Yalan yanlış dahi olsa fikrini ifade edebiliyor musun? Fikrini ifade ettin diye başına bir şey gelmeyebiliyor mu? Kendini ifade ederken nefret söylemine başvurmaktan kaçındın mı?
Bunların hepsine de evet denilebiliyorsa, ancak bundan sonra, söylenen şeyin doğru olup olmadığını irdelemek gündeme gelebilir.
Ayrıca şöyle de düşünmek lazım. Zaten Türkiye bu tür durumlarda ofsayta düşmemeyi becerebilse, bu tür dilekçeler, açıklamalar da ya yapılmaz ya da yapılsa bile altında bin değil iki bin imza dahi olsa ses getirmez! Ne paradoks değil mi?

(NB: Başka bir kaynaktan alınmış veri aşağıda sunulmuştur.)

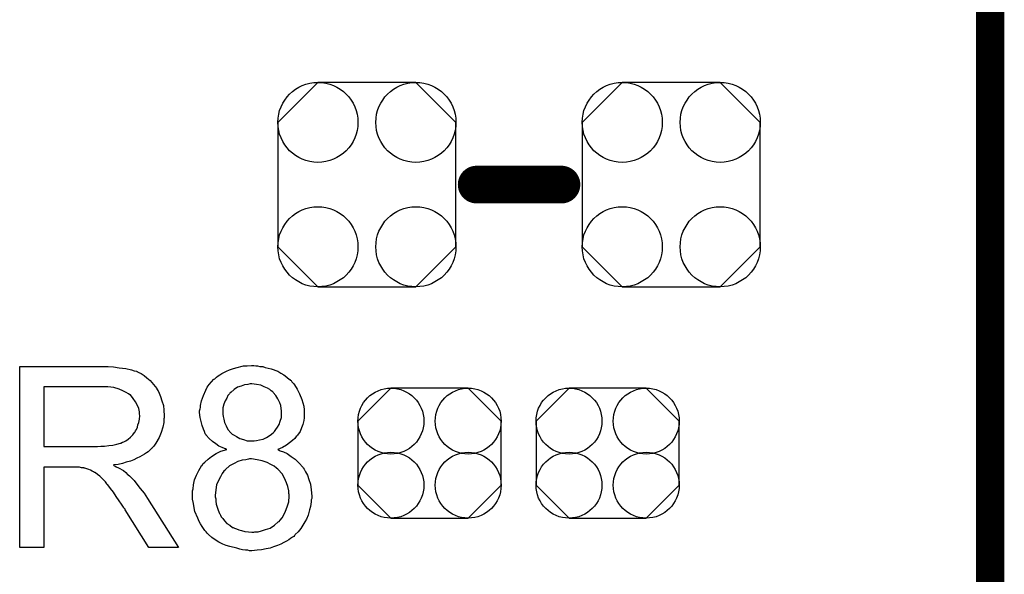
# Model space of a CAD drawing. Extents: x -0.07 to 0.95, y -0.15 to 1.37.
# Tile 15 of 16: x 0.74 to 0.95, y 0.95 to 1.06. Entities that reach past the tile are written whole.
import ezdxf

# ---------------------------------------------------------------- set-up
doc = ezdxf.new("R2010")
doc.units = 0
doc.layers.get('0').update_dxf_attribs({"linetype": 'CONTINUOUS'})
for name, color, linetype in [('gko', 6, 'CONTINUOUS'), ('gto', 2, 'CONTINUOUS'), ('gts', 1, 'CONTINUOUS')]:
    doc.layers.add(name, color=color, linetype=linetype)

# ---------------------------------------------------------------- blocks, each defined once
blk = doc.blocks.new('D33')
at = {"const_width": 0.004}
blk.add_lwpolyline([(-0.002, 0, 1), (0.002, 0, 1)], format="xyb", close=True, dxfattribs=at)
blk = doc.blocks.new('D81')
blk.add_lwpolyline([(-0.0189, 0.0132), (-0.0189, -0.0132), (-0.0104, -0.0217), (0.0104, -0.0217), (0.0189, -0.0132), (0.0189, 0.0132), (0.0104, 0.0217), (-0.0104, 0.0217)], close=True)
for centre in [(-0.0104, 0.0132), (0.0104, 0.0132), (-0.0104, -0.0132), (0.0104, -0.0132)]:
    blk.add_circle(centre, 0.0085)
blk = doc.blocks.new('D85')
blk.add_lwpolyline([(-0.0152, 0.0068), (-0.0152, -0.0068), (-0.0082, -0.0138), (0.0082, -0.0138), (0.0152, -0.0068), (0.0152, 0.0068), (0.0082, 0.0138), (-0.0082, 0.0138)], close=True)
for centre in [(-0.0082, 0.0068), (0.0082, 0.0068), (-0.0082, -0.0068), (0.0082, -0.0068)]:
    blk.add_circle(centre, 0.007)

msp = doc.modelspace()

# ---------------------------------------------------------------- linework, layer by layer
at = {"layer": 'gko', "color": 6, "const_width": 0.006}
msp.add_lwpolyline([(0.95, -0.05), (0.95, 1.2768)], dxfattribs=at)
at = {"layer": 'gto', "color": 2, "const_width": 0.008}
msp.add_lwpolyline([(0.841, 1.029), (0.859, 1.029)], dxfattribs=at)
at = {"layer": 'gto', "color": 2}
for points in [[(0.7623, 0.9904), (0.7628, 0.9904), (0.7639, 0.9903), (0.7651, 0.9901), (0.7665, 0.99), (0.7677, 0.9897), (0.7683, 0.9895), (0.7688, 0.9894), (0.7689, 0.9894), (0.7689, 0.9893), (0.7693, 0.9891), (0.7698, 0.9889), (0.7704, 0.9885), (0.771, 0.988), (0.7717, 0.9874), (0.7724, 0.9866), (0.7731, 0.9857), (0.7731, 0.9856), (0.7731, 0.9856), (0.7734, 0.9852), (0.7736, 0.9847), (0.7739, 0.984), (0.7742, 0.9831), (0.7745, 0.9821), (0.7746, 0.9811), (0.7747, 0.9799), (0.7747, 0.9799), (0.7747, 0.9797), (0.7747, 0.9795), (0.7746, 0.9793), (0.7746, 0.9789), (0.7746, 0.9785), (0.7744, 0.9775), (0.774, 0.9764), (0.7736, 0.9753), (0.7729, 0.9741), (0.7725, 0.9735), (0.772, 0.973), (0.772, 0.9729), (0.7719, 0.9729), (0.7717, 0.9727), (0.7715, 0.9725), (0.7713, 0.9723), (0.7709, 0.9721), (0.7705, 0.9718), (0.77, 0.9715), (0.7695, 0.9712), (0.7689, 0.9709), (0.7682, 0.9706), (0.7675, 0.9703), (0.7666, 0.9701), (0.7658, 0.9698), (0.7649, 0.9696), (0.7639, 0.9695), (0.764, 0.9694), (0.7642, 0.9693), (0.7645, 0.9691), (0.765, 0.9689), (0.766, 0.9683), (0.7665, 0.9679), (0.7669, 0.9675), (0.767, 0.9674), (0.7673, 0.9672), (0.7678, 0.9667), (0.7683, 0.9662), (0.7689, 0.9654), (0.7696, 0.9645), (0.7704, 0.9635), (0.7711, 0.9624), (0.7777, 0.952), (0.7714, 0.952), (0.7664, 0.96), (0.7664, 0.96), (0.7663, 0.9602), (0.7661, 0.9603), (0.766, 0.9605), (0.7656, 0.9612), (0.7651, 0.9619), (0.7645, 0.9628), (0.7639, 0.9637), (0.7633, 0.9645), (0.7627, 0.9653), (0.7626, 0.9653), (0.7625, 0.9655), (0.7622, 0.9659), (0.7618, 0.9663), (0.761, 0.9671), (0.7605, 0.9675), (0.7601, 0.9678), (0.76, 0.9679), (0.7599, 0.9679), (0.7597, 0.968), (0.7594, 0.9682), (0.759, 0.9684), (0.7587, 0.9685), (0.7578, 0.9688), (0.7577, 0.9688), (0.7576, 0.9689), (0.7574, 0.9689), (0.7571, 0.9689), (0.7567, 0.969), (0.7563, 0.969), (0.7557, 0.969), (0.7491, 0.969), (0.7491, 0.952), (0.744, 0.952), (0.744, 0.9904), (0.7618, 0.9904), (0.7623, 0.9904)], [(0.7941, 0.9905), (0.7945, 0.9905), (0.795, 0.9904), (0.7956, 0.9904), (0.7961, 0.9902), (0.7974, 0.9899), (0.7988, 0.9894), (0.7994, 0.989), (0.8001, 0.9886), (0.8007, 0.9881), (0.8013, 0.9876), (0.8014, 0.9876), (0.8014, 0.9875), (0.8016, 0.9874), (0.8018, 0.9871), (0.8021, 0.9868), (0.8023, 0.9865), (0.8029, 0.9856), (0.8034, 0.9846), (0.8039, 0.9834), (0.8043, 0.982), (0.8044, 0.9812), (0.8044, 0.9805), (0.8044, 0.9804), (0.8044, 0.9804), (0.8044, 0.98), (0.8044, 0.9795), (0.8043, 0.9789), (0.8041, 0.9781), (0.8038, 0.9774), (0.8035, 0.9766), (0.803, 0.9758), (0.8029, 0.9757), (0.8027, 0.9755), (0.8024, 0.9751), (0.8019, 0.9747), (0.8013, 0.9742), (0.8006, 0.9737), (0.7998, 0.9732), (0.7988, 0.9728), (0.7988, 0.9728), (0.7989, 0.9727), (0.7991, 0.9726), (0.7993, 0.9725), (0.8, 0.9723), (0.8008, 0.9719), (0.8016, 0.9713), (0.8025, 0.9707), (0.8033, 0.9699), (0.8041, 0.969), (0.8041, 0.969), (0.8042, 0.9689), (0.8044, 0.9686), (0.8047, 0.968), (0.8051, 0.9673), (0.8054, 0.9664), (0.8057, 0.9654), (0.8059, 0.9642), (0.806, 0.9629), (0.806, 0.9629), (0.806, 0.9627), (0.806, 0.9624), (0.8059, 0.9621), (0.8059, 0.9617), (0.8058, 0.9612), (0.8057, 0.9607), (0.8055, 0.96), (0.8052, 0.9588), (0.8049, 0.958), (0.8045, 0.9574), (0.8041, 0.9567), (0.8037, 0.956), (0.8031, 0.9553), (0.8025, 0.9547), (0.8024, 0.9546), (0.8023, 0.9545), (0.8022, 0.9543), (0.8019, 0.9542), (0.8015, 0.9539), (0.8011, 0.9536), (0.8006, 0.9533), (0.8001, 0.953), (0.7994, 0.9527), (0.7987, 0.9524), (0.7979, 0.9521), (0.7972, 0.9518), (0.7963, 0.9517), (0.7953, 0.9515), (0.7944, 0.9514), (0.7933, 0.9513), (0.7928, 0.9513), (0.7924, 0.9514), (0.7919, 0.9514), (0.7913, 0.9515), (0.7907, 0.9516), (0.7901, 0.9518), (0.7886, 0.9522), (0.7878, 0.9524), (0.7871, 0.9527), (0.7863, 0.9531), (0.7855, 0.9536), (0.7848, 0.9541), (0.7841, 0.9547), (0.7841, 0.9547), (0.784, 0.9548), (0.7838, 0.955), (0.7836, 0.9553), (0.7833, 0.9556), (0.783, 0.956), (0.7827, 0.9564), (0.7824, 0.957), (0.7821, 0.9575), (0.7818, 0.9582), (0.7812, 0.9596), (0.781, 0.9604), (0.7809, 0.9613), (0.7807, 0.9622), (0.7807, 0.963), (0.7807, 0.9631), (0.7807, 0.9632), (0.7807, 0.9634), (0.7807, 0.9637), (0.7807, 0.964), (0.7808, 0.9644), (0.7809, 0.9653), (0.7811, 0.9663), (0.7815, 0.9673), (0.782, 0.9683), (0.7826, 0.9693), (0.7826, 0.9694), (0.7827, 0.9694), (0.7829, 0.9697), (0.7833, 0.9701), (0.784, 0.9707), (0.7847, 0.9713), (0.7857, 0.9719), (0.7867, 0.9724), (0.788, 0.9728), (0.788, 0.9728), (0.7879, 0.9728), (0.7877, 0.9729), (0.7875, 0.973), (0.787, 0.9732), (0.7863, 0.9735), (0.7856, 0.974), (0.7849, 0.9745), (0.7842, 0.9751), (0.7836, 0.9758), (0.7836, 0.9759), (0.7834, 0.9761), (0.7832, 0.9766), (0.783, 0.9771), (0.7827, 0.9779), (0.7825, 0.9787), (0.7823, 0.9796), (0.7822, 0.9806), (0.7822, 0.9807), (0.7822, 0.9808), (0.7822, 0.981), (0.7823, 0.9814), (0.7824, 0.9817), (0.7824, 0.9821), (0.7826, 0.9831), (0.783, 0.9842), (0.7835, 0.9854), (0.7838, 0.986), (0.7842, 0.9866), (0.7847, 0.9871), (0.7852, 0.9877), (0.7853, 0.9877), (0.7854, 0.9878), (0.7856, 0.988), (0.7858, 0.9881), (0.7861, 0.9884), (0.7865, 0.9886), (0.7869, 0.9889), (0.7873, 0.9891), (0.7879, 0.9894), (0.7885, 0.9897), (0.7892, 0.9899), (0.7899, 0.9901), (0.7915, 0.9905), (0.7923, 0.9905), (0.7932, 0.9906), (0.7937, 0.9906), (0.7941, 0.9905)], [(0.7933, 0.9867), (0.7929, 0.9867), (0.7924, 0.9866), (0.7917, 0.9865), (0.791, 0.9862), (0.7902, 0.986), (0.7895, 0.9855), (0.7888, 0.9849), (0.7887, 0.9849), (0.7885, 0.9846), (0.7882, 0.9842), (0.788, 0.9837), (0.7876, 0.9831), (0.7873, 0.9824), (0.7871, 0.9816), (0.7871, 0.9807), (0.7871, 0.9807), (0.7871, 0.9806), (0.7871, 0.9803), (0.7872, 0.9798), (0.7873, 0.9792), (0.7875, 0.9785), (0.7878, 0.9778), (0.7882, 0.977), (0.7888, 0.9763), (0.7888, 0.9763), (0.7891, 0.976), (0.7895, 0.9758), (0.79, 0.9755), (0.7907, 0.9751), (0.7915, 0.9749), (0.7923, 0.9746), (0.7933, 0.9746), (0.7935, 0.9746), (0.7938, 0.9746), (0.7943, 0.9747), (0.7949, 0.9748), (0.7957, 0.975), (0.7964, 0.9753), (0.7972, 0.9758), (0.7978, 0.9763), (0.7979, 0.9764), (0.7981, 0.9766), (0.7984, 0.977), (0.7987, 0.9775), (0.7991, 0.9781), (0.7993, 0.9788), (0.7996, 0.9796), (0.7996, 0.9805), (0.7996, 0.9806), (0.7996, 0.9806), (0.7996, 0.981), (0.7995, 0.9815), (0.7994, 0.9821), (0.7992, 0.9827), (0.7988, 0.9835), (0.7984, 0.9842), (0.7978, 0.9849), (0.7977, 0.985), (0.7974, 0.9852), (0.7971, 0.9855), (0.7966, 0.9858), (0.7959, 0.9861), (0.7952, 0.9864), (0.7943, 0.9866), (0.7933, 0.9867)], [(0.7612, 0.9861), (0.7491, 0.9861), (0.7491, 0.9734), (0.7605, 0.9734), (0.7612, 0.9735), (0.762, 0.9735), (0.7629, 0.9736), (0.7638, 0.9737), (0.7646, 0.9739), (0.7654, 0.9741), (0.7655, 0.9741), (0.7658, 0.9743), (0.7661, 0.9744), (0.7665, 0.9746), (0.767, 0.975), (0.7675, 0.9754), (0.768, 0.9759), (0.7684, 0.9764), (0.7685, 0.9765), (0.7686, 0.9767), (0.7688, 0.977), (0.769, 0.9775), (0.7691, 0.978), (0.7693, 0.9785), (0.7694, 0.9792), (0.7695, 0.9799), (0.7695, 0.9799), (0.7695, 0.98), (0.7694, 0.9803), (0.7694, 0.9808), (0.7693, 0.9815), (0.769, 0.9821), (0.7686, 0.9829), (0.7681, 0.9836), (0.7675, 0.9844), (0.7674, 0.9844), (0.7671, 0.9846), (0.7666, 0.9849), (0.7659, 0.9852), (0.7651, 0.9856), (0.764, 0.9859), (0.7627, 0.9861), (0.7612, 0.9861)], [(0.7932, 0.9708), (0.7928, 0.9708), (0.7926, 0.9707), (0.792, 0.9706), (0.7912, 0.9705), (0.7903, 0.9702), (0.7895, 0.9698), (0.7885, 0.9693), (0.7877, 0.9685), (0.7876, 0.9684), (0.7873, 0.9682), (0.787, 0.9677), (0.7866, 0.967), (0.7862, 0.9662), (0.7858, 0.9653), (0.7856, 0.9642), (0.7855, 0.963), (0.7855, 0.9629), (0.7855, 0.9627), (0.7856, 0.9623), (0.7856, 0.9618), (0.7857, 0.9612), (0.7859, 0.9605), (0.7861, 0.9599), (0.7864, 0.9592), (0.7865, 0.9591), (0.7866, 0.9588), (0.7868, 0.9585), (0.7871, 0.9581), (0.7875, 0.9576), (0.788, 0.9571), (0.7886, 0.9567), (0.7892, 0.9562), (0.7893, 0.9562), (0.7896, 0.9561), (0.79, 0.9559), (0.7905, 0.9557), (0.7911, 0.9556), (0.7918, 0.9554), (0.7926, 0.9553), (0.7933, 0.9552), (0.7937, 0.9552), (0.7939, 0.9553), (0.7946, 0.9553), (0.7953, 0.9555), (0.7962, 0.9558), (0.7972, 0.9561), (0.7981, 0.9567), (0.7989, 0.9574), (0.7991, 0.9575), (0.7993, 0.9578), (0.7997, 0.9583), (0.8001, 0.9589), (0.8004, 0.9597), (0.8008, 0.9606), (0.8011, 0.9617), (0.8012, 0.9629), (0.8012, 0.9629), (0.8012, 0.963), (0.8012, 0.9632), (0.8011, 0.9634), (0.8011, 0.964), (0.8009, 0.9649), (0.8006, 0.9657), (0.8002, 0.9667), (0.7997, 0.9676), (0.7989, 0.9685), (0.7988, 0.9686), (0.7985, 0.9688), (0.798, 0.9692), (0.7973, 0.9696), (0.7965, 0.97), (0.7955, 0.9704), (0.7944, 0.9706), (0.7932, 0.9708)]]:
    msp.add_lwpolyline(points, dxfattribs=at)

# ---------------------------------------------------------------- block references
at = {"layer": 'gto'}
for p in [(0.841, 1.029), (0.859, 1.029)]:
    msp.add_blockref('D33', p, dxfattribs=at)
at = {"layer": 'gts'}
for name, p in [('D81', (0.8177, 1.029)), ('D81', (0.8823, 1.029)), ('D85', (0.831, 0.972)), ('D85', (0.8688, 0.972))]:
    msp.add_blockref(name, p, dxfattribs=at)

doc.saveas('drawing.dxf')

Şöyle bir tablo düşünün: Adam iki metre ofsayt. Karşı takımın seyircileri ofsayt diye bağırıyor. Ofsayta düşmüş futbolcu belki de sinirleri germek için hiç oralı değil, herkes durduğu halde oyuna devam edip, şutu çekiyor ve topu ağlara gönderiyor.
Bir sonraki sahnede bakıyoruz ki rakip takım oyuncuları ofsayta düşmüş oyuncuyu saha içinde kovalıyor. Böyle bir sahne tarihe nasıl geçerdi? Ofsayt oldu diye mi? Ofsayta düşen oyuncuyu saha içinde kovaladılar diye mi?
Not: Merak edenler için toleransla ilgili diğer ünlü söz Helen Keller’a ait : “Eğitimde gelinebilecek en üst düzey, toleranstır”.